Kinoshita Riko, Homma Yuta, Fukuda Mitsunori
Lab of Membrane Trafficking Mechanisms, Department of Integrative Life Sciences, Graduate School of Life Sciences, Tohoku University, Miyagi, Japan.
Methods Mol Biol. 2021;2293:243-256. doi: 10.1007/978-1-0716-1346-7_17.
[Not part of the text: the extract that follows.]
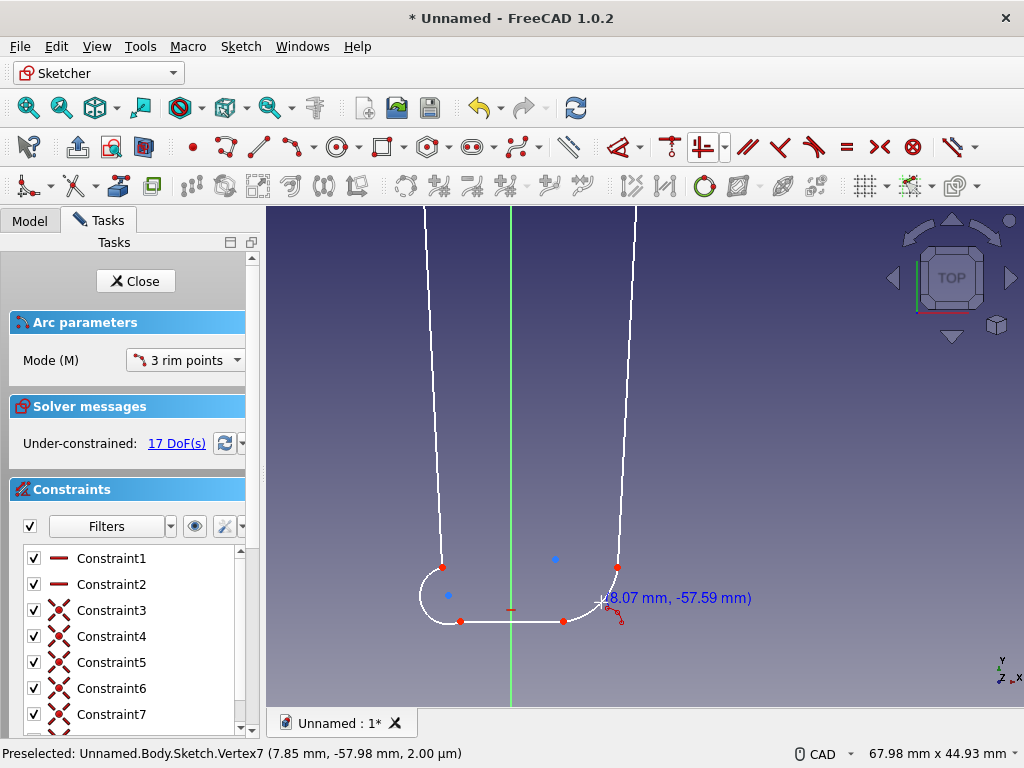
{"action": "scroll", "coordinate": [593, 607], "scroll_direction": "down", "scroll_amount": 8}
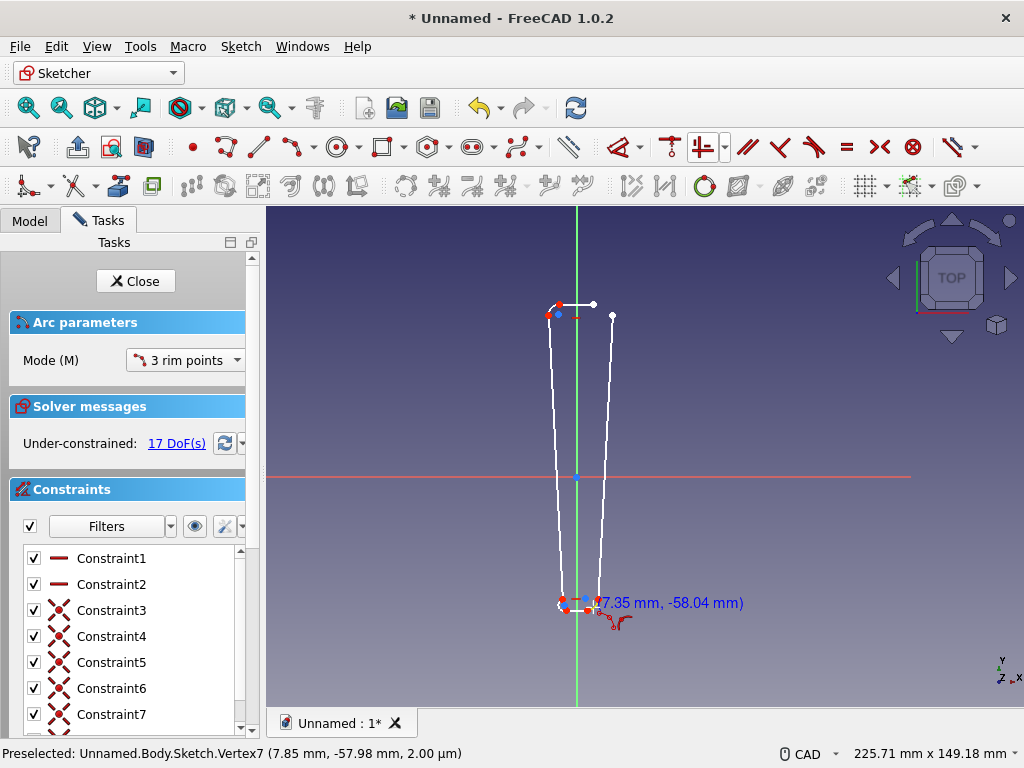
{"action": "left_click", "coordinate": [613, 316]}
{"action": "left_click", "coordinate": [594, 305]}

The Rab family small GTPases are key regulators of intracellular membrane traffic that are conserved in all eukaryotic cells. Rabs are thought to regulate various steps of membrane traffic, including the budding, transport, tethering, docking, and fusion of vesicles or organelles. Approximately 60 different Rabs have been identified in mammals, and each Rab is thought to localize to a specific membrane compartment and regulate its trafficking in a timely manner. Although a few mammalian Rabs have been thoroughly studied, the precise function of the majority of them remains poorly understood. In a recent study, we established a comprehensive collection of Rab-knockout (KO) renal epithelial cells (i.e., Madin-Darby canine kidney [MDCK] II cells) by using Cas9-mediated genome editing technology to analyze the function of each Rab or closely related Rabs in cell viability (or growth), organelle morphology, and epithelial morphogenesis. In this chapter, we describe the procedures for generating Rab-KO MDCK II cells in detail.
Rab家族小GTP酶是细胞内膜运输的关键调节因子,在所有真核细胞中都保守存在。Rabs被认为可调节膜运输的各个步骤,包括囊泡或细胞器的出芽、运输、拴系、对接和融合。在哺乳动物中已鉴定出约60种不同的Rabs,并且每种Rab被认为定位于特定的膜区室并及时调节其运输。尽管少数哺乳动物Rabs已得到深入研究,但它们中的大多数的精确功能仍知之甚少。在最近的一项研究中,我们通过使用Cas9介导的基因组编辑技术建立了Rab基因敲除(KO)肾上皮细胞(即Madin-Darby犬肾[MDCK] II细胞)的综合文库,以分析每种Rab或密切相关的Rabs在细胞活力(或生长)、细胞器形态和上皮形态发生中的功能。在本章中,我们详细描述了生成Rab-KO MDCK II细胞的程序。